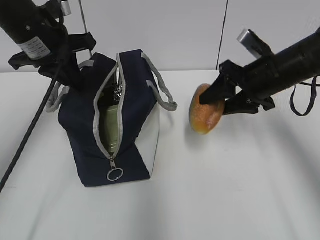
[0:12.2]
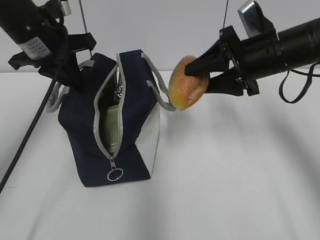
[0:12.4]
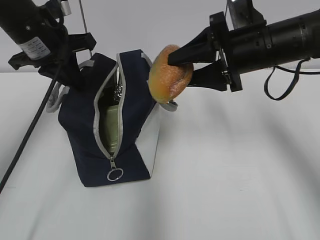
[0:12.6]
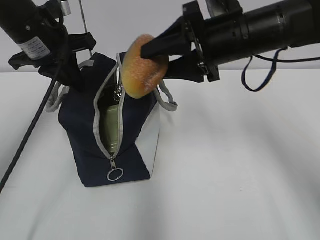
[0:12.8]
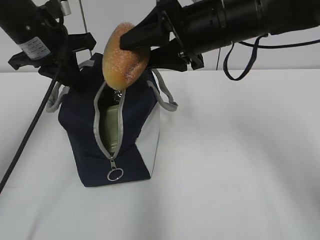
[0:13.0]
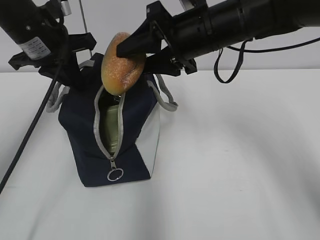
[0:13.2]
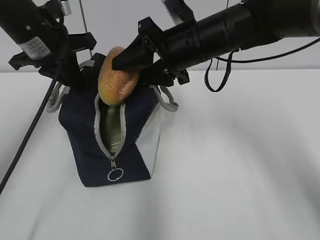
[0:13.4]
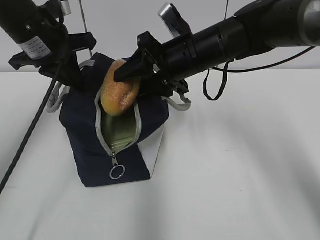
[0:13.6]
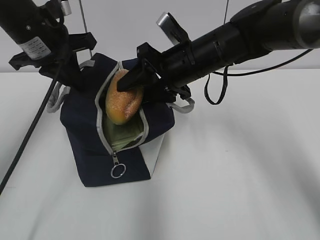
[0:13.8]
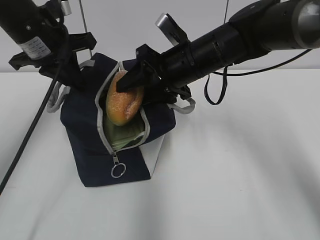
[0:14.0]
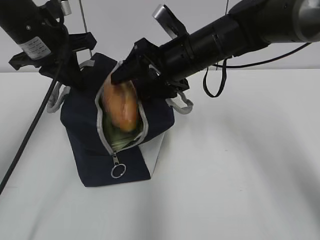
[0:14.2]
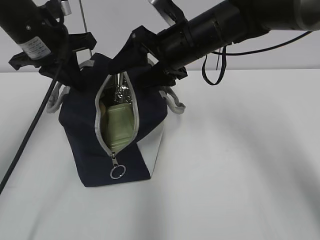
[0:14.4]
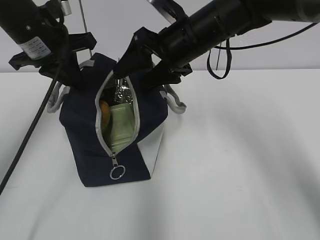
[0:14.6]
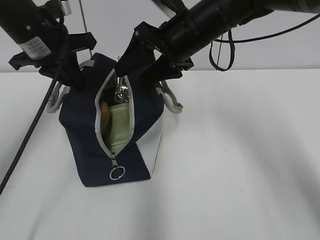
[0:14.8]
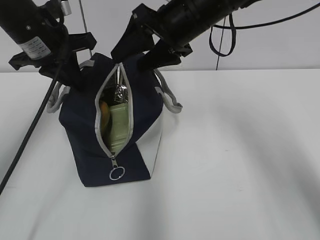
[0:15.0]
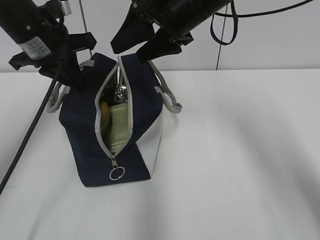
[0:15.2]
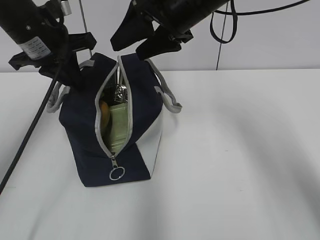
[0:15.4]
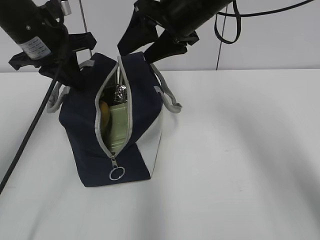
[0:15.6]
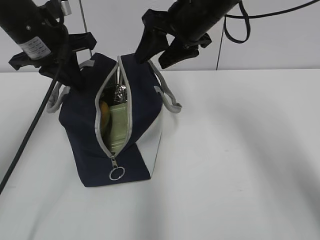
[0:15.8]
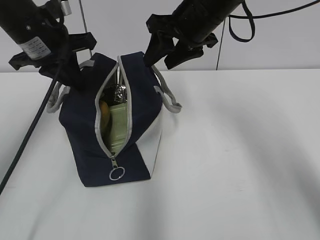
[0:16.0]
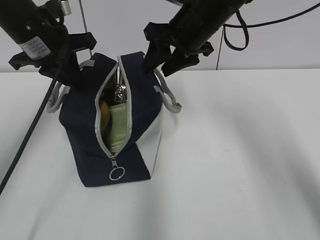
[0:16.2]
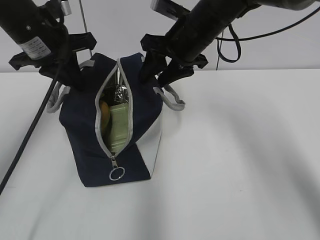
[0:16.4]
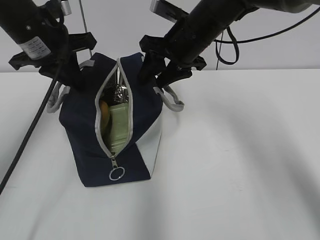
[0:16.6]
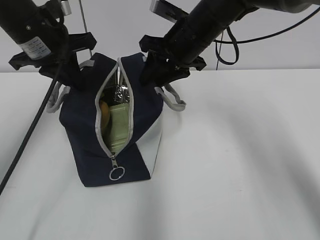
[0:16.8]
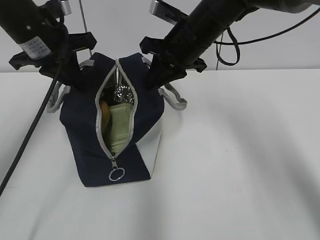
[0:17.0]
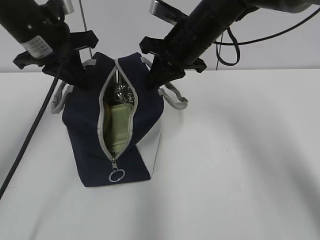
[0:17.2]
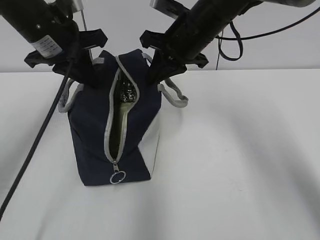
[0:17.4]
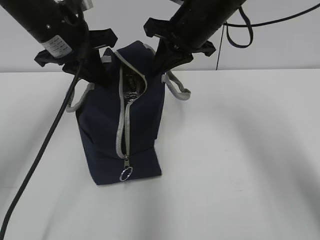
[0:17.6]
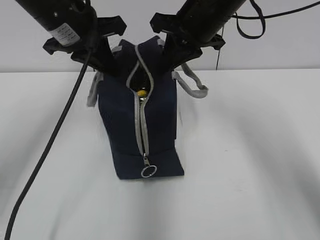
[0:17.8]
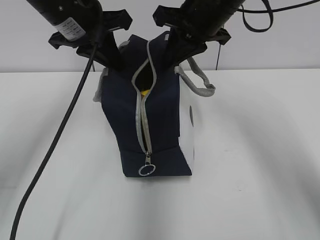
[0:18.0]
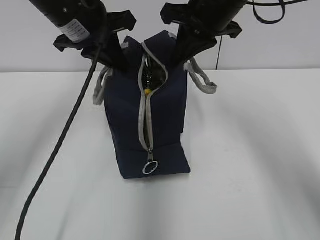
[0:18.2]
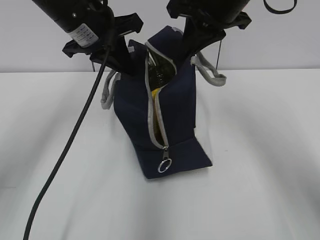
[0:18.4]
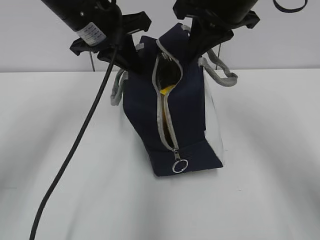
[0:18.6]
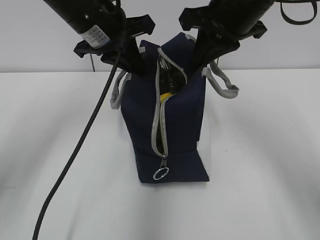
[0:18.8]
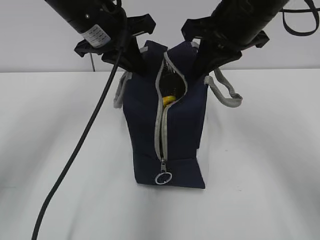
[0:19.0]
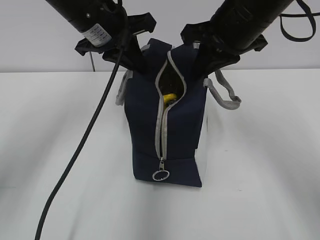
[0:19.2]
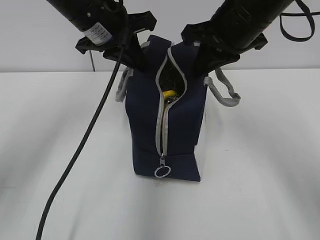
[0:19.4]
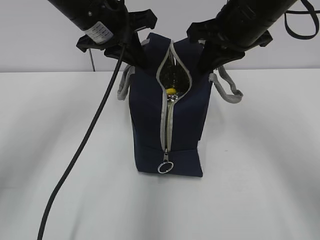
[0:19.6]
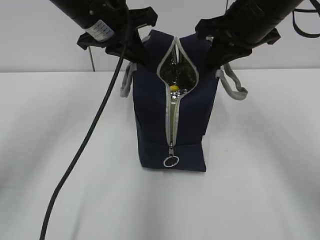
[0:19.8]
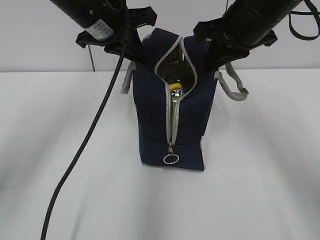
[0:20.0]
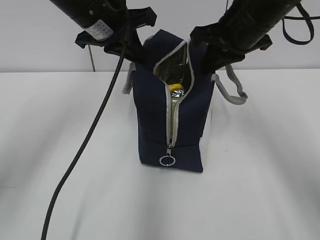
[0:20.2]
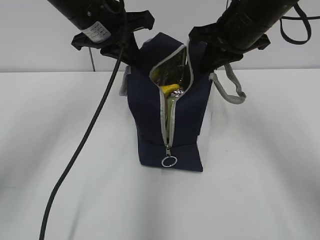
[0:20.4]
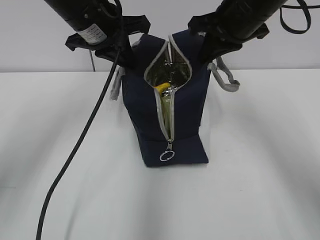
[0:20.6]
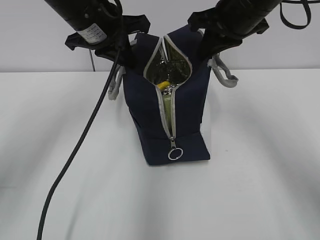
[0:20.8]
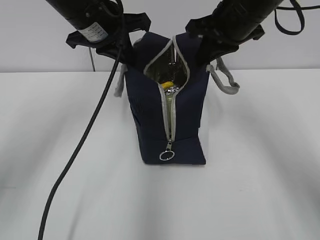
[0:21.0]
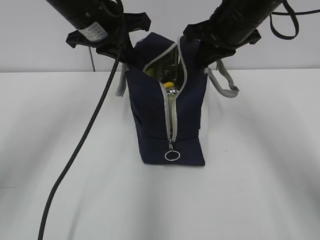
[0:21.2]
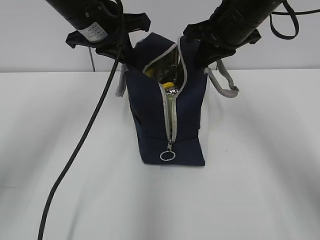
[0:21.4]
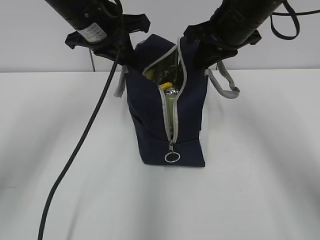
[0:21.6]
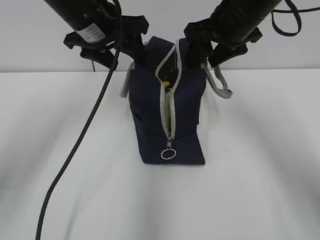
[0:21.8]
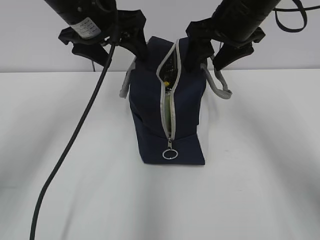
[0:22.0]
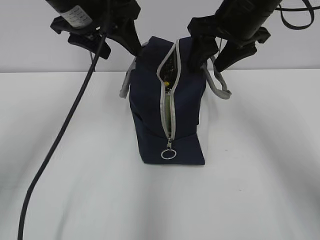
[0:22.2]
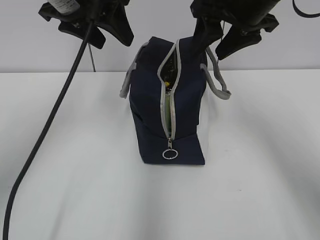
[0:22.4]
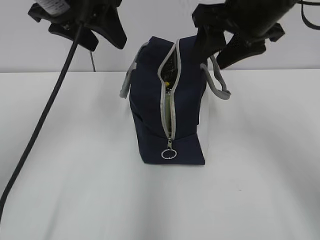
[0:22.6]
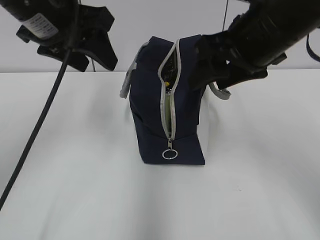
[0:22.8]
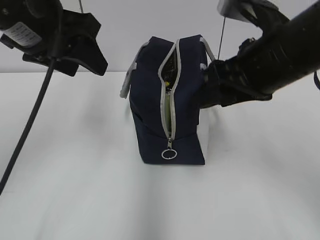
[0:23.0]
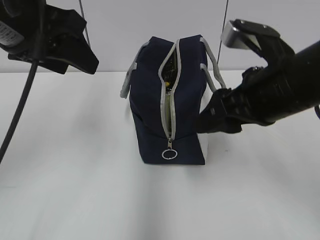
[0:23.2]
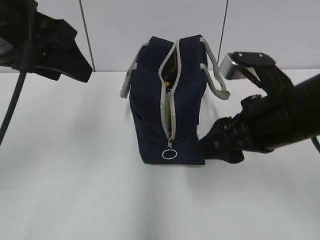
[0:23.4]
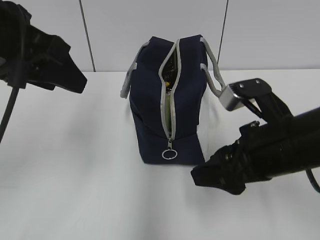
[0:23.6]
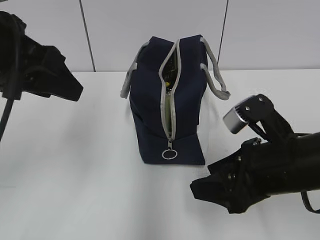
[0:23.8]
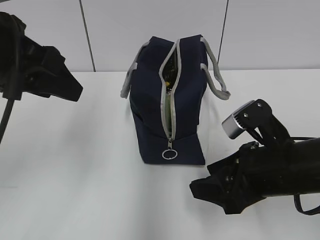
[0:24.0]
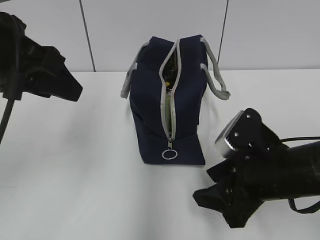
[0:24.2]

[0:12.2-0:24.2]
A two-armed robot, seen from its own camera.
Step, 0:14.4 to 0:17.2: Grab the lunch bag with your right hand.
Step, 0:17.4 to 0:21.6: Move the lunch bag to the right.
0:12.2 to 0:13.8: The right gripper goes roughly 15 cm to the left.
0:13.8 to 0:15.2: The right gripper travels upward by roughly 10 cm.
0:15.2 to 0:16.6: The right gripper travels downward by some 5 cm.
0:16.6 to 0:18.2: The right gripper goes roughly 5 cm upward, and closes its fingers. The left gripper moves to the right, some 5 cm.
0:19.8 to 0:21.2: The grippers stay close to where they were, moving slightly.
0:21.2 to 0:22.6: The left gripper heads upward and backward, covering about 10 cm, and opens up. Meanwhile the right gripper heads backward, covering approximately 5 cm, and opens.
0:22.6 to 0:24.2: The left gripper is displaced backward by roughly 10 cm; the right gripper travels downward and backward by roughly 20 cm.
------------------------------
ACTIVITY:
Transcribe each line of the material above verbatim, but do not include the images.

SOLUTION FOR THIS PROBLEM:
[0:12.2]
[0:12.4]
[0:12.6]
[0:12.8]
[0:13.0]
[0:13.2]
[0:13.4]
[0:13.6]
[0:13.8]
[0:14.0]
[0:14.2]
[0:14.4]
[0:14.6]
[0:14.8]
[0:15.0]
[0:15.2]
[0:15.4]
[0:15.6]
[0:15.8]
[0:16.0]
[0:16.2]
[0:16.4]
[0:16.6]
[0:16.8]
[0:17.0]
[0:17.2]
[0:17.4]
[0:17.6]
[0:17.8]
[0:18.0]
[0:18.2]
[0:18.4]
[0:18.6]
[0:18.8]
[0:19.0]
[0:19.2]
[0:19.4]
[0:19.6]
[0:19.8]
[0:20.0]
[0:20.2]
[0:20.4]
[0:20.6]
[0:20.8]
[0:21.0]
[0:21.2]
[0:21.4]
[0:21.6]
[0:21.8]
[0:22.0]
[0:22.2]
[0:22.4]
[0:22.6]
[0:22.8]
[0:23.0]
[0:23.2]
[0:23.4]
[0:23.6]
[0:23.8]
[0:24.0]
[0:24.2]

[0:12.2-0:24.2]
A two-armed robot, seen from its own camera.
Step, 0:14.4 to 0:17.2: Grab the lunch bag with your right hand.
Step, 0:17.4 to 0:21.6: Move the lunch bag to the right.
0:12.2 to 0:13.8: The right gripper goes roughly 15 cm to the left.
0:13.8 to 0:15.2: The right gripper travels upward by roughly 10 cm.
0:15.2 to 0:16.6: The right gripper travels downward by some 5 cm.
0:16.6 to 0:18.2: The right gripper goes roughly 5 cm upward, and closes its fingers. The left gripper moves to the right, some 5 cm.
0:19.8 to 0:21.2: The grippers stay close to where they were, moving slightly.
0:21.2 to 0:22.6: The left gripper heads upward and backward, covering about 10 cm, and opens up. Meanwhile the right gripper heads backward, covering approximately 5 cm, and opens.
0:22.6 to 0:24.2: The left gripper is displaced backward by roughly 10 cm; the right gripper travels downward and backward by roughly 20 cm.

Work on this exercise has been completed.